[Collected data]
%%
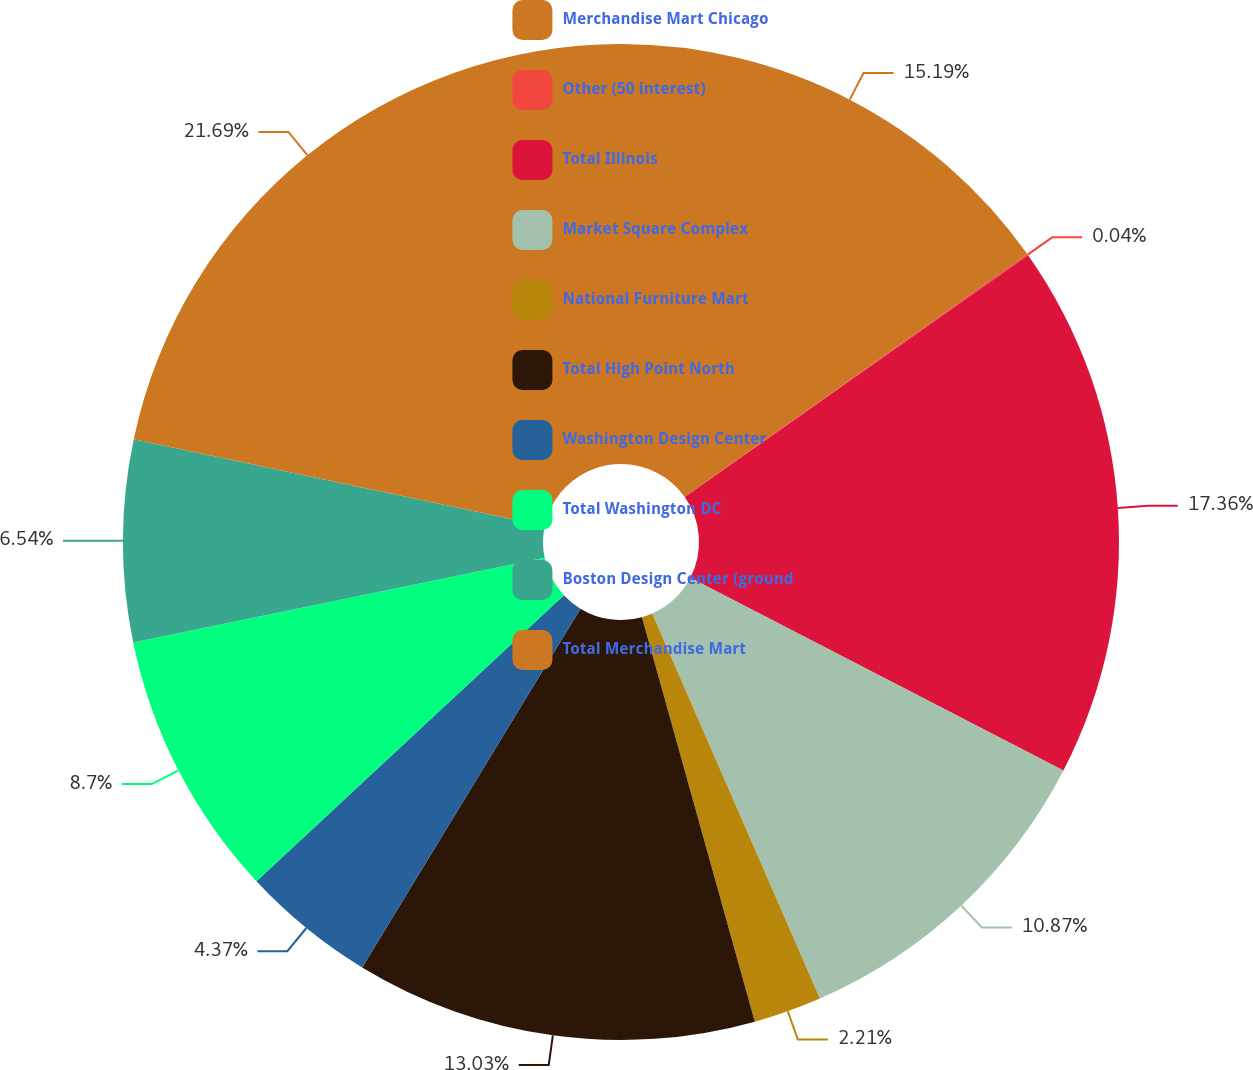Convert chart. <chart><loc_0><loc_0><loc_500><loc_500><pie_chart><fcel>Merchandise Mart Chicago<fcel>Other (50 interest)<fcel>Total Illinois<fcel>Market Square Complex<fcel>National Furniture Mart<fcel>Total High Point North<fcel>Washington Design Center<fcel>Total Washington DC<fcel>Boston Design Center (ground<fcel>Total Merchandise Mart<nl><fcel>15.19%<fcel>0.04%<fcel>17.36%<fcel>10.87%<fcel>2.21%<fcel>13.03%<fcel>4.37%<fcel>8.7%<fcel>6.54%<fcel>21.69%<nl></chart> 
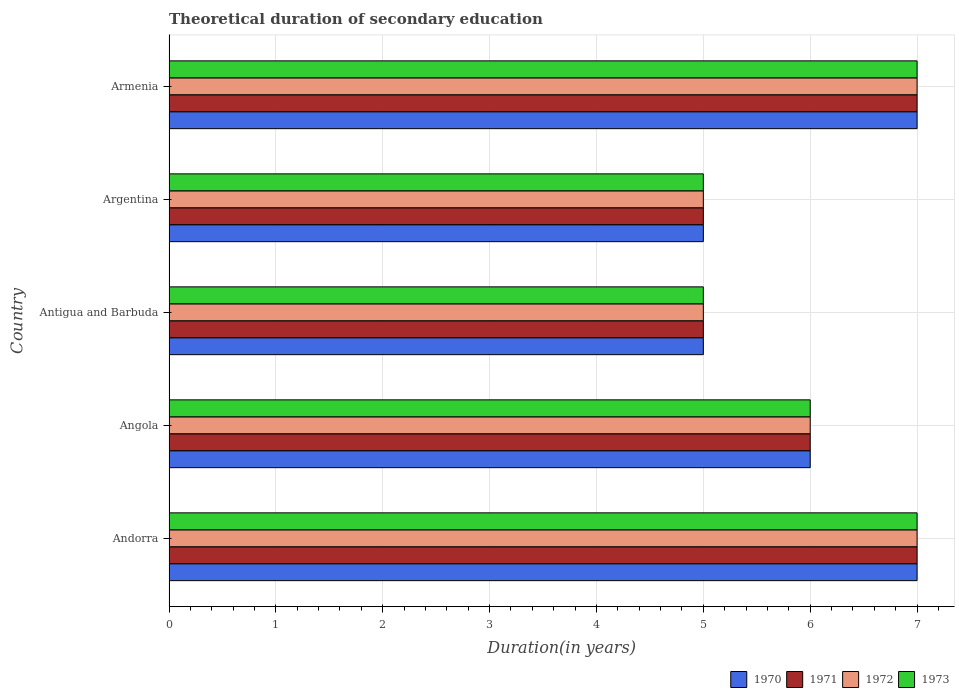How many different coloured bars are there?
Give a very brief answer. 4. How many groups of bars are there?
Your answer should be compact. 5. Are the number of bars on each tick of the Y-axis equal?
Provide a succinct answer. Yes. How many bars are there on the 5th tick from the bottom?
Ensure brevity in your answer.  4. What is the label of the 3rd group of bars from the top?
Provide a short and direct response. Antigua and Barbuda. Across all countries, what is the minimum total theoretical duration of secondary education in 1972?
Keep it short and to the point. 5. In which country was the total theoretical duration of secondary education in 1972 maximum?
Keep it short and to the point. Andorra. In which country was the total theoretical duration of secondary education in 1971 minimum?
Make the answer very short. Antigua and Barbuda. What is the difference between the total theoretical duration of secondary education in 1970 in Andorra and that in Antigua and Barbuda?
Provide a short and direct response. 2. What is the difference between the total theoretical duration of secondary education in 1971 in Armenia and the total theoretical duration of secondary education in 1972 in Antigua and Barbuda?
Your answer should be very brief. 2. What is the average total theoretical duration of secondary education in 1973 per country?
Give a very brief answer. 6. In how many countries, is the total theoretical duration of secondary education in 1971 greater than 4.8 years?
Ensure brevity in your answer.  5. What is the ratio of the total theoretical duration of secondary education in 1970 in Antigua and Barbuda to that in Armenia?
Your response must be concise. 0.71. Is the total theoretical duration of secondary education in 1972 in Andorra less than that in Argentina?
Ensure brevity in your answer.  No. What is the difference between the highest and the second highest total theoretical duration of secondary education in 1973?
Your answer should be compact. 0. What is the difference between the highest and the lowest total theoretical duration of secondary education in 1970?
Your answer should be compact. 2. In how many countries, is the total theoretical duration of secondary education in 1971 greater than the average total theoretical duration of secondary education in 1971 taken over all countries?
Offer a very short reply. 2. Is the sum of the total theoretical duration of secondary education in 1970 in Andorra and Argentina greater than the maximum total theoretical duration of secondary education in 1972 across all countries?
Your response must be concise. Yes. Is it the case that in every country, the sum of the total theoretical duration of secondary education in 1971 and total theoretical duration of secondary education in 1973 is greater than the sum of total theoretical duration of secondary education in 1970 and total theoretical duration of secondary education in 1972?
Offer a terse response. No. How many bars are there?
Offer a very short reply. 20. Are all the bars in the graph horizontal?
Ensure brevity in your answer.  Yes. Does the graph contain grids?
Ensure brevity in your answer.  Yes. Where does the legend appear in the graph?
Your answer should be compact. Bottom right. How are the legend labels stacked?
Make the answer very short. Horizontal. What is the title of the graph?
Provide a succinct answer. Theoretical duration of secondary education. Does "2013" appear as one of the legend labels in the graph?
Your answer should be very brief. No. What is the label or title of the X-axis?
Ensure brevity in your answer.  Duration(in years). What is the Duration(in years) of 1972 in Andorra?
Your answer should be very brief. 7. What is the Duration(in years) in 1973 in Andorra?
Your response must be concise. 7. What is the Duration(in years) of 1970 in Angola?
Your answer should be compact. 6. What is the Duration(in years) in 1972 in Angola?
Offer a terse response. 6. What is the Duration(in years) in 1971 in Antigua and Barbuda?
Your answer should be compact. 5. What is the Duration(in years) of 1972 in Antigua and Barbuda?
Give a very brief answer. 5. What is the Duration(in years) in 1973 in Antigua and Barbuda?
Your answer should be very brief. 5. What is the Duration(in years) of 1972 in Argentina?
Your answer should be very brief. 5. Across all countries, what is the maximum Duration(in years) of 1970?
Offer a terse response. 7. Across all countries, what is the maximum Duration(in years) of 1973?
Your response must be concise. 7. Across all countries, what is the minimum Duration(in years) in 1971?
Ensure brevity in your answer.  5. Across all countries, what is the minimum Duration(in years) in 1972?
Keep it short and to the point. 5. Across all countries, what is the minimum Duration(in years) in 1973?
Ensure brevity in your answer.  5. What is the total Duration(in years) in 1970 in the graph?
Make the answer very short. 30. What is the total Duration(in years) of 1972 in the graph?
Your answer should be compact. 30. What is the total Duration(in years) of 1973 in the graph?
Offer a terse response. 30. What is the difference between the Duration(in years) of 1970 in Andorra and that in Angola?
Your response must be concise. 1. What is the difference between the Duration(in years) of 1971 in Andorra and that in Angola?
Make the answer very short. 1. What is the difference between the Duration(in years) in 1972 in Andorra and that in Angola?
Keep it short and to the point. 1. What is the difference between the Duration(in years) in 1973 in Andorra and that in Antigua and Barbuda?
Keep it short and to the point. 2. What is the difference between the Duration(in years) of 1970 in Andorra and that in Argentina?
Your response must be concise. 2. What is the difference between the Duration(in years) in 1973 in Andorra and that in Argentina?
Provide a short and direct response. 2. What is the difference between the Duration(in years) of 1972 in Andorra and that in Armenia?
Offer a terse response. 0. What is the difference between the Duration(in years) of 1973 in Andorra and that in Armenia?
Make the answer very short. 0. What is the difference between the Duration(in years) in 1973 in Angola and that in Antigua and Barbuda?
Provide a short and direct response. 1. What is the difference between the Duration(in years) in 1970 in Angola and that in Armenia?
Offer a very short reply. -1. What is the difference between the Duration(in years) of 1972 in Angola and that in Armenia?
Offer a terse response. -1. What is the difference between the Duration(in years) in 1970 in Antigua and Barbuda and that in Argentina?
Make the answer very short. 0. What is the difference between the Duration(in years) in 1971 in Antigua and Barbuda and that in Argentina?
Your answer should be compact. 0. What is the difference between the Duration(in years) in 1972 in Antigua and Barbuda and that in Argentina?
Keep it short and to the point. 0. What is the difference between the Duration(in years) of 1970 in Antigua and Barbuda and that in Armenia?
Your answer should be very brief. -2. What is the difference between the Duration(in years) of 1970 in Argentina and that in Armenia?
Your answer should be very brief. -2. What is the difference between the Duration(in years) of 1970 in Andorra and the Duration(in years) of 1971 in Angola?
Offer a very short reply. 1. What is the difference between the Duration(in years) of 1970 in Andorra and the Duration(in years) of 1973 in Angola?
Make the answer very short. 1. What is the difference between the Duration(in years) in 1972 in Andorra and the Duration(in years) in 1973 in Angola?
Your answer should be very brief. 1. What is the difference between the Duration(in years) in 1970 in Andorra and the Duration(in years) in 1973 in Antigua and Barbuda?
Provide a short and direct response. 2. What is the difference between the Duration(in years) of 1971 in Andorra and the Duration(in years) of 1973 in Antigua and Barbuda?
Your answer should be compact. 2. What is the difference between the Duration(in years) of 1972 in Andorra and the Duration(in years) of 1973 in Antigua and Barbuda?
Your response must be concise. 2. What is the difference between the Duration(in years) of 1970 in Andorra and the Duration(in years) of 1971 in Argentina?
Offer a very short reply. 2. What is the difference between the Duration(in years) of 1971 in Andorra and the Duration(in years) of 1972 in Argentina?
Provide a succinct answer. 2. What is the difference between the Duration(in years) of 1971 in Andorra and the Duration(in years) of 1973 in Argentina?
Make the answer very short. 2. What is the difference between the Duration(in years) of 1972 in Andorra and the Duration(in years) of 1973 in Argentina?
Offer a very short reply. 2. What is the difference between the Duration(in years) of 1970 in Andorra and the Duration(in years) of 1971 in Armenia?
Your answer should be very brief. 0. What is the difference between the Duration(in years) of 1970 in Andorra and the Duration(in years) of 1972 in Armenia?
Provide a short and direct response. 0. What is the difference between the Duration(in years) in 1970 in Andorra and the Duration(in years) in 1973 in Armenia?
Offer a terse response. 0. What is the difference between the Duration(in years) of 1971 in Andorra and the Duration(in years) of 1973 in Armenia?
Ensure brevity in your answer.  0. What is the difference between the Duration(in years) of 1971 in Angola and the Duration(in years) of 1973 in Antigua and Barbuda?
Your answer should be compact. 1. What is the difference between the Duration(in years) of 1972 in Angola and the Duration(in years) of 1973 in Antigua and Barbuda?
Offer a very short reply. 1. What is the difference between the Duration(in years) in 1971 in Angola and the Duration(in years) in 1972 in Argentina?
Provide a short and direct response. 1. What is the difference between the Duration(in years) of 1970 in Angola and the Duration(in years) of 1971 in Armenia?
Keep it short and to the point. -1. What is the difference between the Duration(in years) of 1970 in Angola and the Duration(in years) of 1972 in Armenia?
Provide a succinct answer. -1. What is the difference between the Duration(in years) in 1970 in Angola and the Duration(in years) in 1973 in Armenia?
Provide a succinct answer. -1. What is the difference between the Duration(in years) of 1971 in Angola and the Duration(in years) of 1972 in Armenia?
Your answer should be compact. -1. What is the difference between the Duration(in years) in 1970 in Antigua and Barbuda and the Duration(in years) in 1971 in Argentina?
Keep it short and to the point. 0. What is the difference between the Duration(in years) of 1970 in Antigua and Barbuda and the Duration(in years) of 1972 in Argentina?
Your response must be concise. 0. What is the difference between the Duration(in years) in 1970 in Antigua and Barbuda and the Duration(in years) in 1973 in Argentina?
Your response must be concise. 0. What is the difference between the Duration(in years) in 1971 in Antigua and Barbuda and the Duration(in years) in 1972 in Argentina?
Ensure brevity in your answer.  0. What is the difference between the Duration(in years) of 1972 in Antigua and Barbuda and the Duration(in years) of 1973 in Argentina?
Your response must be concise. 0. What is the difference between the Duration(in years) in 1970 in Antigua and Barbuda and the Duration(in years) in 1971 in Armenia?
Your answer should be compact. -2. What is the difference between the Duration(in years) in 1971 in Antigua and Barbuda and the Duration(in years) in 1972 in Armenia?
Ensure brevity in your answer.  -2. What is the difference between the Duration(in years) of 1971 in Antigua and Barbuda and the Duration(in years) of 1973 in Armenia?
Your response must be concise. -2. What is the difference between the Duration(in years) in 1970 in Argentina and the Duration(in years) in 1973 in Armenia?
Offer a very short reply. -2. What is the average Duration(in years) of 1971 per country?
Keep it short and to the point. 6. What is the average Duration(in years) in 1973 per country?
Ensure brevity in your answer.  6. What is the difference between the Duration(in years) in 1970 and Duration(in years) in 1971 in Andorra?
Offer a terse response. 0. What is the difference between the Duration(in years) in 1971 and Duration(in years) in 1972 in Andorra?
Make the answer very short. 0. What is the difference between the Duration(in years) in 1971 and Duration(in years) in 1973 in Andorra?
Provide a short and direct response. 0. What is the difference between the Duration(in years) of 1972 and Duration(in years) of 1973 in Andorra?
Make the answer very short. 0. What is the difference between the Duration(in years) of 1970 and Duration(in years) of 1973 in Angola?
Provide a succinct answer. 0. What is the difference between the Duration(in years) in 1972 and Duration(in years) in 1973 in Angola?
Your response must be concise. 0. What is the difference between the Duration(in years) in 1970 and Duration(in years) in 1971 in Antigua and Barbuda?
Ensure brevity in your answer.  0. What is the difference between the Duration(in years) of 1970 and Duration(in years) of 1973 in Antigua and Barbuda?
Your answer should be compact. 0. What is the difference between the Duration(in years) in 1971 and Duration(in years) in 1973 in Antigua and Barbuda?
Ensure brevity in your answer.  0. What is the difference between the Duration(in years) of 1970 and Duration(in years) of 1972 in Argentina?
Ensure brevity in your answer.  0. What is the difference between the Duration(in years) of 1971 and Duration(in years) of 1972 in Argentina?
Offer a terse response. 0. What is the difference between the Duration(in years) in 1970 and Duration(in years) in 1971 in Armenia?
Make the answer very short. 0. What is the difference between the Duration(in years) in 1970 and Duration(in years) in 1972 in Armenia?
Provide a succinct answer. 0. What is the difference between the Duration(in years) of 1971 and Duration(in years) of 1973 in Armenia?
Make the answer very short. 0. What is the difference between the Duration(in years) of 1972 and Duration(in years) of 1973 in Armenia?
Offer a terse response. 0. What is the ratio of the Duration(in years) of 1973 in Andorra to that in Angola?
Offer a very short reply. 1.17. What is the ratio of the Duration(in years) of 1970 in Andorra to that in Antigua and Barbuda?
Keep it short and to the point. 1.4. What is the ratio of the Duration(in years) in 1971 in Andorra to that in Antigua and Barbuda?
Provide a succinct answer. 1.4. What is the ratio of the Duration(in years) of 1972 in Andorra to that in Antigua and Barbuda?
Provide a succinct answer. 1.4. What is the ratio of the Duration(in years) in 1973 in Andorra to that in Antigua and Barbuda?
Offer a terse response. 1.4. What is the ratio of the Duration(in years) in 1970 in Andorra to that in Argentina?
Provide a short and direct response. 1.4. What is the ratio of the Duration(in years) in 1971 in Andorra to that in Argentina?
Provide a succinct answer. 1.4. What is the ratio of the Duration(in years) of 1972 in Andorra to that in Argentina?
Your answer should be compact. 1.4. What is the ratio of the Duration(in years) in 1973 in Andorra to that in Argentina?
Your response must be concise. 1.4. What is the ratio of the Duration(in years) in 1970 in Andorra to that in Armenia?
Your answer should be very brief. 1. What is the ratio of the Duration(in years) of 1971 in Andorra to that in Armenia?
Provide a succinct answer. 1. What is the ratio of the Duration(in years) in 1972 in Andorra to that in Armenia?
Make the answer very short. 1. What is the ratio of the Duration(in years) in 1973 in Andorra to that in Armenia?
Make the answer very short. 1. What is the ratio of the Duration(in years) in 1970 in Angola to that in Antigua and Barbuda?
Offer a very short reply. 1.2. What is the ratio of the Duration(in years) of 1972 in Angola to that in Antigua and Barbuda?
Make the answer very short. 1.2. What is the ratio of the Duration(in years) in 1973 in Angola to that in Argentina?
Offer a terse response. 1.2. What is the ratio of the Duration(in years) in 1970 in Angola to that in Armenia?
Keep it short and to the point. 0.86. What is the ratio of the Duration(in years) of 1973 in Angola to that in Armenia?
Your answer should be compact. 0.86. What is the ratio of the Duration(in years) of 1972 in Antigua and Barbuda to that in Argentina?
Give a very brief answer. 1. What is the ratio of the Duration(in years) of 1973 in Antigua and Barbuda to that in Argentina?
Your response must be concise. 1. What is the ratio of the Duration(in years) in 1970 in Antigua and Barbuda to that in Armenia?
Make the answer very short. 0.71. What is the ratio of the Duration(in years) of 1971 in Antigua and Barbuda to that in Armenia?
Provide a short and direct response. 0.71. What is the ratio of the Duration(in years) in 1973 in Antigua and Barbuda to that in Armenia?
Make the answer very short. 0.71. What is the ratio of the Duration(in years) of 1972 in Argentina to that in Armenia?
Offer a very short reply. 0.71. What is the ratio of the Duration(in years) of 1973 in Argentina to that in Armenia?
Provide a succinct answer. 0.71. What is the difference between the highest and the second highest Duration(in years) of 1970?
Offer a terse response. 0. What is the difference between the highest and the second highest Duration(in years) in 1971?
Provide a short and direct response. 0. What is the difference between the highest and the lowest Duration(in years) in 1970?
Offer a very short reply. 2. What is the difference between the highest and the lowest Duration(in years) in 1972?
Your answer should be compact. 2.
%%
%%
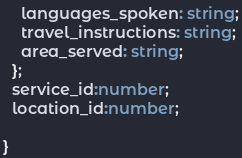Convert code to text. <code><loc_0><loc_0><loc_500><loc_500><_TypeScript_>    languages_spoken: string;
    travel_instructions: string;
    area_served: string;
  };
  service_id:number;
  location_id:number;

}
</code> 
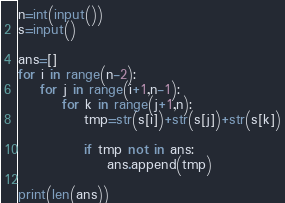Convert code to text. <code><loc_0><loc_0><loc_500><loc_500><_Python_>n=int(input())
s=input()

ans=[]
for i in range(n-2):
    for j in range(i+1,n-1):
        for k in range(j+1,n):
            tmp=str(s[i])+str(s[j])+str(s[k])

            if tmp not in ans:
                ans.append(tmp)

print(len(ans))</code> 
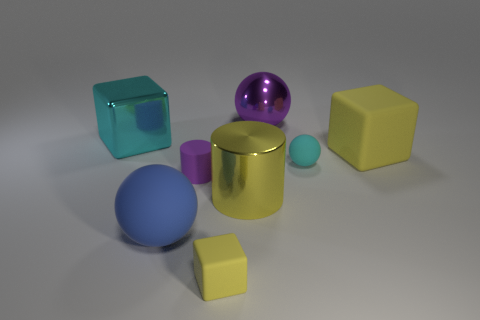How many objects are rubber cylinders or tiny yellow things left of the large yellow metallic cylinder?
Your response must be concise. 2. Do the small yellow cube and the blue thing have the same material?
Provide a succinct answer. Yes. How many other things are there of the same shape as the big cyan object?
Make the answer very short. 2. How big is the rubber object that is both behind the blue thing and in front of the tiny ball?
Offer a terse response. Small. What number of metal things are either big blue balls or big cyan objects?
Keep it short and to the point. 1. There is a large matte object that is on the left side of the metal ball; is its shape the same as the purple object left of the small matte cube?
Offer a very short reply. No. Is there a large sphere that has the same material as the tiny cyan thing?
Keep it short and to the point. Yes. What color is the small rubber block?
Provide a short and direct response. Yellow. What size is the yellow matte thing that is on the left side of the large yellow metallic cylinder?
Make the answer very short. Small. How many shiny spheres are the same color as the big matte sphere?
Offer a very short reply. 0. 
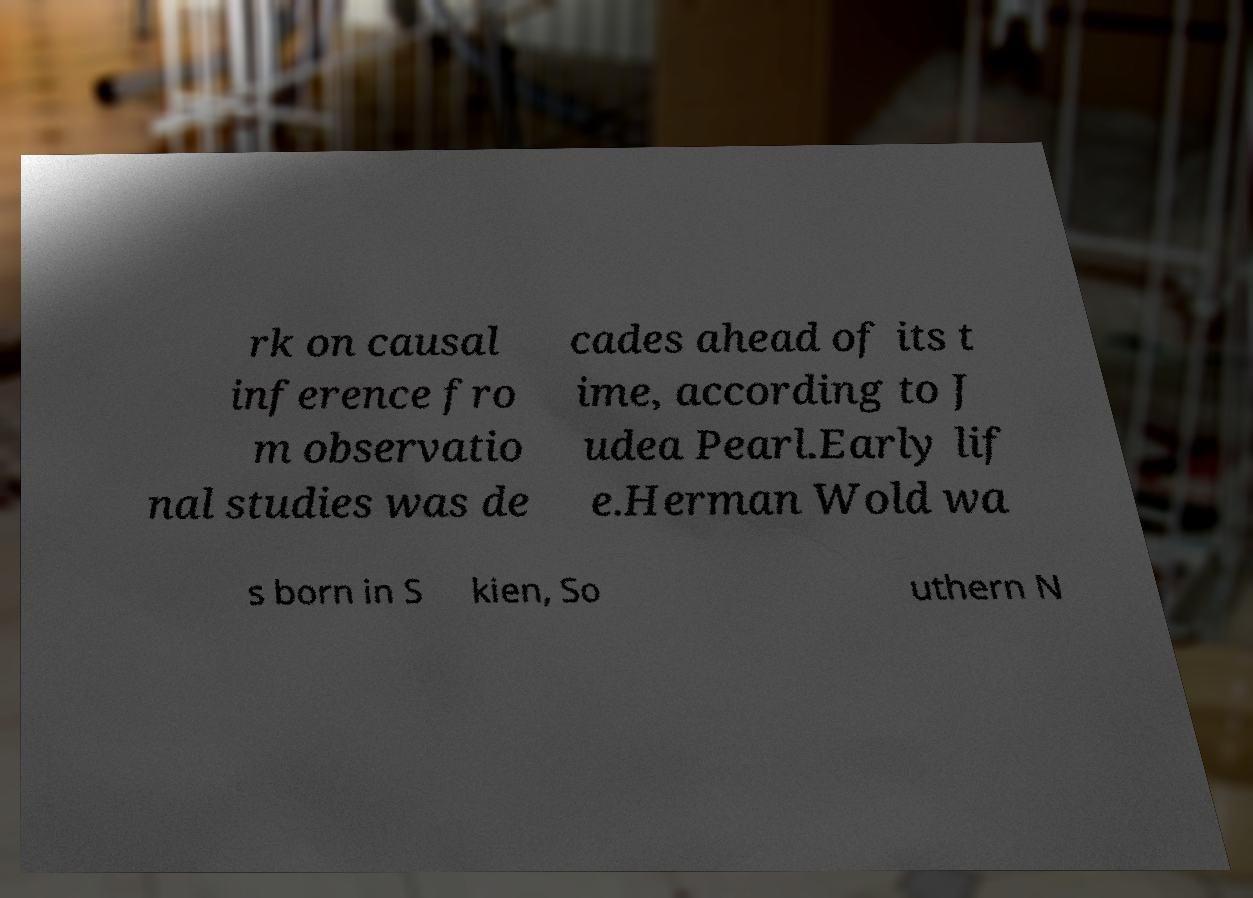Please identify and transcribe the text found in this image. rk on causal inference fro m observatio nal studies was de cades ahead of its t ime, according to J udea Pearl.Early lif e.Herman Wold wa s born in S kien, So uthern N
%%
## PROMPT:
Exercise for the records above: copy only the lines from the one with "ans.append(tmp)" to the one with "Please identify and", both ends kept, and drop the pictures.

## FINAL ANSWER:
                ans.append(tmp)

print(len(ans))</code> 
How many objects are rubber cylinders or tiny yellow things left of the large yellow metallic cylinder?
Your response must be concise. 2. Do the small yellow cube and the blue thing have the same material?
Provide a succinct answer. Yes. How many other things are there of the same shape as the big cyan object?
Make the answer very short. 2. How big is the rubber object that is both behind the blue thing and in front of the tiny ball?
Offer a terse response. Small. What number of metal things are either big blue balls or big cyan objects?
Keep it short and to the point. 1. There is a large matte object that is on the left side of the metal ball; is its shape the same as the purple object left of the small matte cube?
Offer a very short reply. No. Is there a large sphere that has the same material as the tiny cyan thing?
Keep it short and to the point. Yes. What color is the small rubber block?
Provide a short and direct response. Yellow. What size is the yellow matte thing that is on the left side of the large yellow metallic cylinder?
Make the answer very short. Small. How many shiny spheres are the same color as the big matte sphere?
Offer a very short reply. 0. 
Please identify and transcribe the text found in this image. rk on causal inference fro m observatio nal studies was de cades ahead of its t ime, according to J udea Pearl.Early lif e.Herman Wold wa s born in S kien, So uthern N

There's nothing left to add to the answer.